Julia didn’t look too greatly reassured. Nicole didn’t have any reassurance to give her. All she had had drained away when she looked into Julius Rums’ face, and saw that he was dead.

If anyone had asked her afterwards, she couldn’t have said how she got through the day. When sunset came at long last, and business slowed and then mercifully stopped, she did something that she’d have been horrified to contemplate, back in West Hills. But in this place and time, it was the only reasonable or rational thing to do. She got quietly and systematically drunk.

14

Hard times through the whole city. When Nicole had said that to Gaius Calidius Severus, she’d had only an intellectual understanding of what it meant. Over the next month or two, as summer passed into autumn, as sunlight softened and morning mists from the Danube began filling the streets of Carnuntum with fog, she felt the meaning of hard times in her belly as well as her head.

In the early days of the pestilence, hardly an hour seemed to go by without the shrieking and moaning of professional mourners, as funeral processions made their somber way out of the city and toward the burial ground. After a while, however, the sounds of formal lamentation, almost as formal as the Mass, began to diminish.

Ofanius Valens explained that to Nicole when he stopped by for breakfast one morning. “From what I hear,” he said, “so many of the mourners are dead, the rest can’t come close to keeping up with all the funerals.”
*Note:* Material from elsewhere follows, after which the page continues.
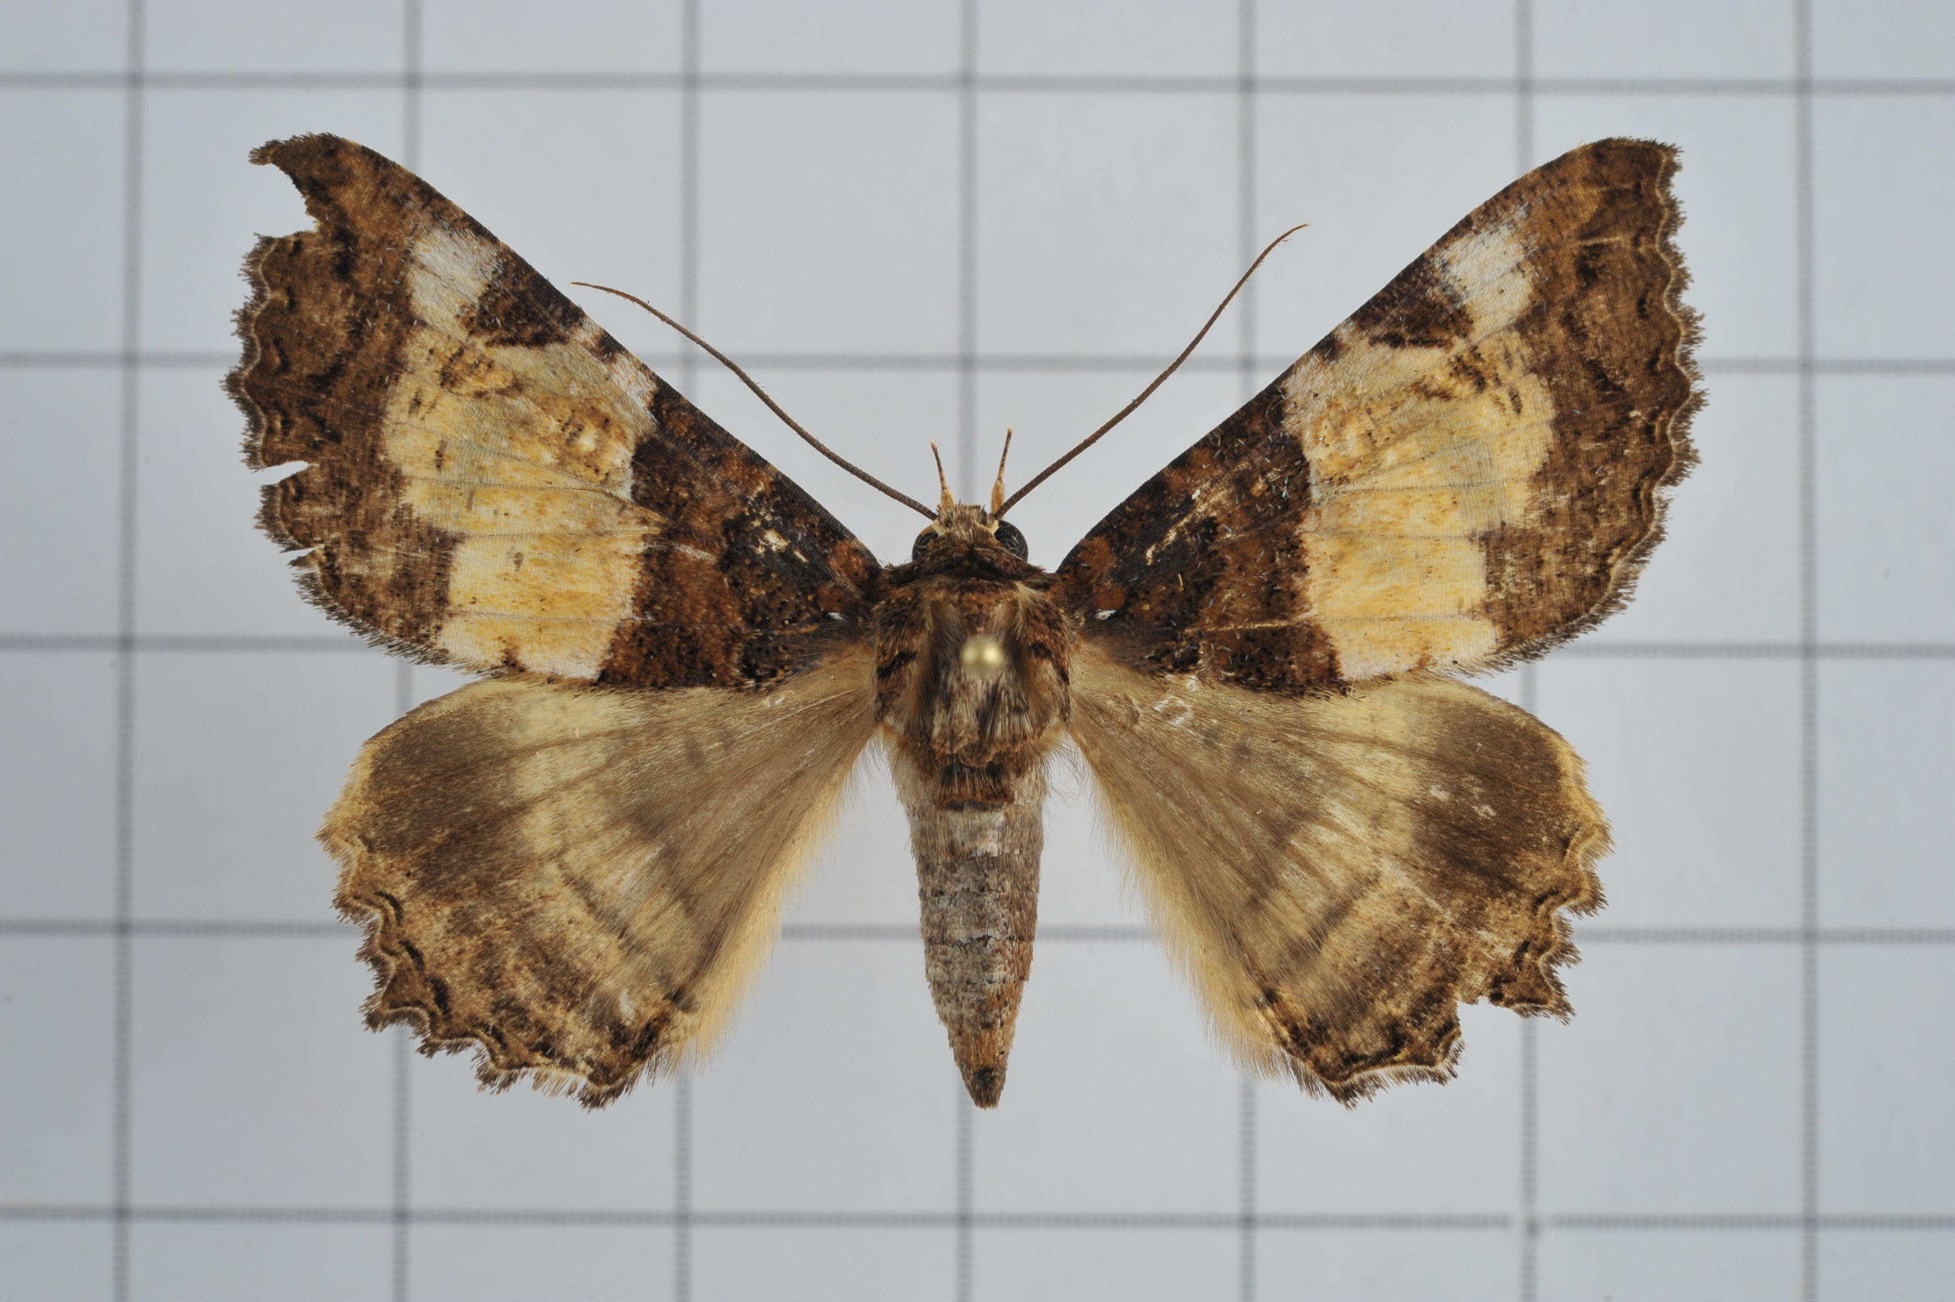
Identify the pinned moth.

“That’s horrible,” Nicole said.

“It’s not good,” he conceded, taking an unenthusiastic mouthful of bread and oil. “My family’s been lucky so far, the gods be praised. I’ve only got one cousin down with it, and she doesn’t look like dying. If you make it through the rash, they say, you’re likely to get better, and she’s done that. Half her hair fell out, and she’s peeling like the worst case of sunburn you ever saw, but she’s still with us. How about your kin, Umma?”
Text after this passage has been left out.